No Kindergarten, nossos valores

Já contei em post anterior que nós levamos mais de dois anos para encontrar um Kindergarten para o Samuel. Após visitar alguns, conversar com mães e educadoras, tentar entender os sistemas de educação infantil na Alemanha e refletir sobre o que tinha visto, escolhemos um Kindergarten privado, pequeno, localizado no meio de um idílico parque, que fora fundado por uma iniciativa de pais em 1971.

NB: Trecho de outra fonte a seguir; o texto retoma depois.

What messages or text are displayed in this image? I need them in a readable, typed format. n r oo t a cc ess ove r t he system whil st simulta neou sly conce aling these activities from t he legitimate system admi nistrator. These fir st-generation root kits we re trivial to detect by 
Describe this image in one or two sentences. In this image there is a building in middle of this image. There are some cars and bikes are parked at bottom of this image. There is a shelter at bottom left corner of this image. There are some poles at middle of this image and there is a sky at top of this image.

É um Kindergarten privado, mas sem fins lucrativos, administrado pelos pais cujos filhos lá estudam. Da gestão financeira às reformas no prédio, da organização das festas à preparação do café da manhã das crianças, da seleção das educadoras à limpeza quando a faxineira tira férias, tudo é organizado e realizado por nós, pais. O Kindi, como é carinhosamente chamado, vive, portanto, do engajamento das famílias. Tem funcionado: nas turmas mais recentes, algumas crianças já são filhas de ex-alunos, que retornam não só por conta de suas boas lembranças, mas por confiarem nos métodos pedagógicos, na maneira democrática como a instituição se estrutura e por valorizarem sua participação na vida escolar dos filhos. Acima de tudo, por confiarem também nas educadoras, que estão lá há anos: Tarja, uma senhora finlandesa, há quase quarenta, Helga, há dezessete e Ina, que trabalha menos horas por semana, há quatro. Quando Tarja se aposentar, entrará em seu lugar a Cosima, que está em formação com estágio prático conosco e cujo filho era aluno até 2011. (Cosima era designer gráfica e decidiu mudar de profissão após se apaixonar pela vivência na escolinha.)  Esta estabilidade na equipe eu não encontrei em nenhum outro Kindergarten que visitei durante minha longa busca pela escola ideal.

foto kindi mini

E meu objetivo era encontrar a escola ideal não só para nosso filho, mas para nossa família.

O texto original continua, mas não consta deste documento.